_Work request_. Please return every line of the records below that holds the word "Satellite".

===== Exercise data =====

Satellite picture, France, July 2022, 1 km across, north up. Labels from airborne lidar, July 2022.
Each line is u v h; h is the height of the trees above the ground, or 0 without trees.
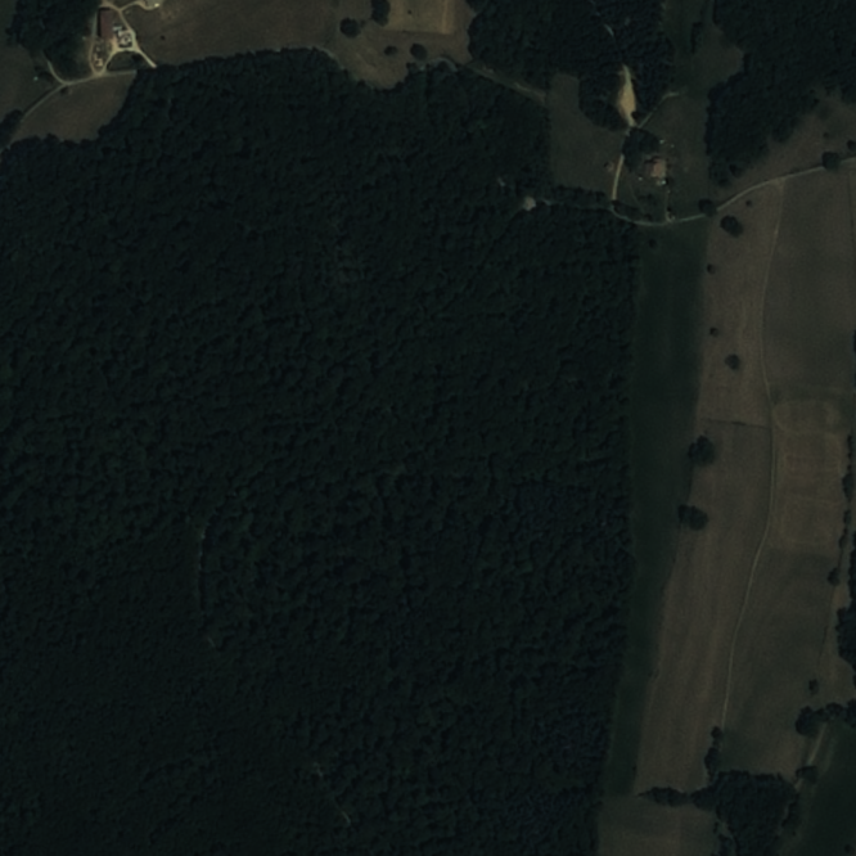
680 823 0
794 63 18
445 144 18
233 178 22
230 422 24
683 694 0
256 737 22
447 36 0
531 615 19
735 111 20
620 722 0
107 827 23
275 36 0
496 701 20
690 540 0
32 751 25
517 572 22
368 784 29
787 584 0
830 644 0
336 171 16
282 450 24
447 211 19
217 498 23
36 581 10
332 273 18
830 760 0
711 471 0
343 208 15
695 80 0
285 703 21
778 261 0
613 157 0
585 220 15
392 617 19
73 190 19
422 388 21
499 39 23
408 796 19
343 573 25
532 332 18
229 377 23
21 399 25
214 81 23
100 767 23
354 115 18
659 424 0
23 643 21
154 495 23
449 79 18
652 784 0
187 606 18
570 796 20
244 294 24
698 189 0
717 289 0
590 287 22
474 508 10
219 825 18
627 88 0
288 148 17
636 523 0
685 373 0
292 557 26
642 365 0
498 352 20
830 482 0
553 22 16
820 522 0
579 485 10
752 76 15
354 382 27
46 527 24
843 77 15
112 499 24
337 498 24
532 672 29
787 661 0
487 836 21
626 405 17
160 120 22
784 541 0
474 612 20
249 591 24
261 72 20
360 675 21
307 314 21
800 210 0
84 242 22
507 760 23
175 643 19
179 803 25
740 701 0
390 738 24
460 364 22
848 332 0
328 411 13
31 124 0
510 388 24
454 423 23
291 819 10
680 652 0
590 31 17
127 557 12
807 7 18
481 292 22
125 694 20
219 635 20
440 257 23
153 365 25
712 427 0
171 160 25
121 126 23
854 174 0
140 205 20
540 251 20
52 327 23
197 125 24
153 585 9
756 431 0
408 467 25
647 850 0
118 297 21
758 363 0
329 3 0
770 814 23
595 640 25
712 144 20
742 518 0
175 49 0
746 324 0
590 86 16
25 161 21
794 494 0
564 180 0
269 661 23
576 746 29
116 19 0
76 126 0
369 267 12
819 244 0
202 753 21
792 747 0
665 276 0
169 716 21
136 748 18
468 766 20
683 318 0
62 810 23
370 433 23
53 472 26
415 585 16
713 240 0
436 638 21
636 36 17
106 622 18
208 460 25
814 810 0
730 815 23
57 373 17
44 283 22
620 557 26
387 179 26
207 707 17
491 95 19
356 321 8
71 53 16
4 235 23
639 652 0
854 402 0
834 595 0
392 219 22
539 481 17
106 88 0
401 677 24
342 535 28
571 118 0
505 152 18
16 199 21
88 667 19
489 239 16
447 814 26
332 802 12
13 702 25
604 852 0
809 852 0
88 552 7
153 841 19
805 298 0
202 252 21
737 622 0
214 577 16
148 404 22
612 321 24
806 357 0
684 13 0
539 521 27
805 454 0
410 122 15
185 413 24
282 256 22
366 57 0
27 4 19
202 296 19
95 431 19
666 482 0
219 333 24
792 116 13
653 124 0
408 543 19
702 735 0
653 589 0
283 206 22
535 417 18
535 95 0
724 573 0
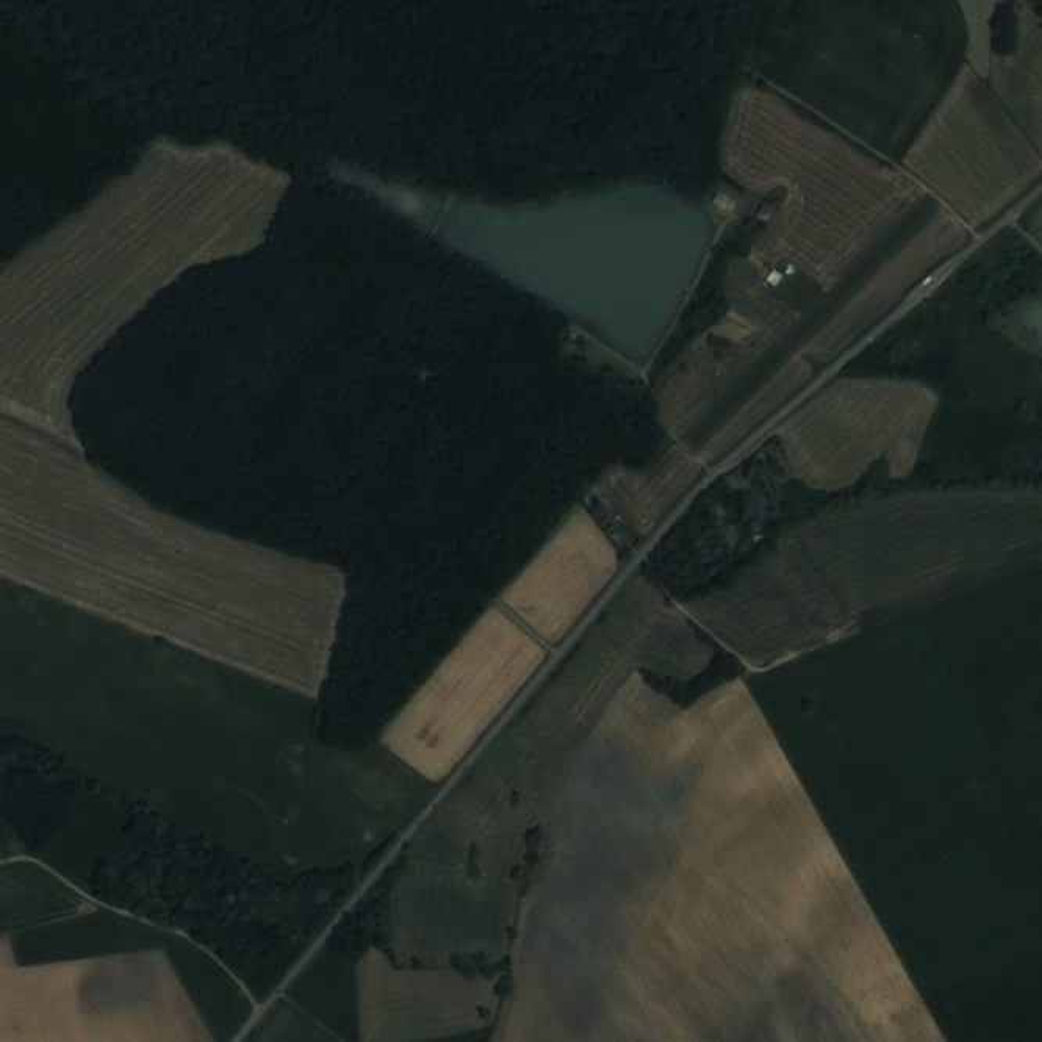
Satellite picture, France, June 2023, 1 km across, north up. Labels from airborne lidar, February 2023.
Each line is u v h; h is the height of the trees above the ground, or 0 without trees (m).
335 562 14
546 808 0
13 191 15
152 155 0
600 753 0
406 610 27
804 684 0
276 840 0
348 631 22
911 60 0
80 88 20
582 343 13
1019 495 0
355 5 26
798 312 0
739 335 0
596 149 27
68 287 0
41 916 0
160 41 21
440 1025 0
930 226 0
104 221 0
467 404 23
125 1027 0
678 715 0
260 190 0
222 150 0
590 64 28
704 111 24
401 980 0
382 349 22
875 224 0
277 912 0
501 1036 0
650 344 0
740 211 0
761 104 0
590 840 0
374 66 27
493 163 29
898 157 0
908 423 0
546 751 0
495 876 0
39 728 0
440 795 0
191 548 0
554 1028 0
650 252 0
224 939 19
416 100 25
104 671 0
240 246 0
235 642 0
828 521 0
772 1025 0
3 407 0
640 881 0
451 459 26
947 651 0
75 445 0
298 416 20
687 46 17
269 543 13
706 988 0
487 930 0
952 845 0
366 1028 0
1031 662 0
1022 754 0
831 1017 0
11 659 0
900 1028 0
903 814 0
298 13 26
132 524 0
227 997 0
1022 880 0
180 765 0
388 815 0
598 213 0
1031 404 8
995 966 0
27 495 0
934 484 11
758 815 0
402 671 23
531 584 0
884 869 0
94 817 0
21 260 0
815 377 0
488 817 0
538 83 25
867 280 0
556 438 24
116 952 0
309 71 26
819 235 0
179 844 21
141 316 11
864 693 0
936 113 0
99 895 18
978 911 0
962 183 0
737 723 0
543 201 14
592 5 29
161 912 19
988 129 0
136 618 0
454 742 0
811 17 0
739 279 0
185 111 25
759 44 0
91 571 0
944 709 0
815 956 0
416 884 0
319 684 0
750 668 0
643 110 28
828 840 0
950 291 0
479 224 0
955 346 6
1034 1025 0
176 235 0
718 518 11
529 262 0
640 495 0
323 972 0
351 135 22
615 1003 0
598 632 0
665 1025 0
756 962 0
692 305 9
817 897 0
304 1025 0
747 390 0
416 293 22
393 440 19
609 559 0
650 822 0
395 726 0
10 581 0
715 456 0
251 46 23
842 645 0
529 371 19
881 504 0
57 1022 0
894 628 0
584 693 0
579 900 0
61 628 0
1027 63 0
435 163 24
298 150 27
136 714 0
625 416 21
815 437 0
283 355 20
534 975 0
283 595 0
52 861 0
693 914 0
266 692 0
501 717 0
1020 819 0
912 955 0
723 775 0
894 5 0
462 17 28
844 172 0
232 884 15
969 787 0
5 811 33
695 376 0
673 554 9
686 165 22
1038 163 0
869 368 6
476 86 27
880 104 0
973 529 0
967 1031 0
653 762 0
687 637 0
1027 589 0
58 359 0
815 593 0
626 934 0
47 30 18
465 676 0
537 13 26
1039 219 0
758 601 0
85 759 0
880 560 0
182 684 0
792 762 0
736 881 0
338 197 20
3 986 0
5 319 0
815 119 11
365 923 18
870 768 0
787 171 0
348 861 0
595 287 0
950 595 0
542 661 0
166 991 0
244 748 0
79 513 0
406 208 0
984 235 0
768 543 14
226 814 0
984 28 0
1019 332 0
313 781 0
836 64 0
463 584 25

=====

_Solved exercise_.
Satellite picture, France, July 2022, 1 km across, north up. Labels from airborne lidar, July 2022.
Satellite picture, France, June 2023, 1 km across, north up. Labels from airborne lidar, February 2023.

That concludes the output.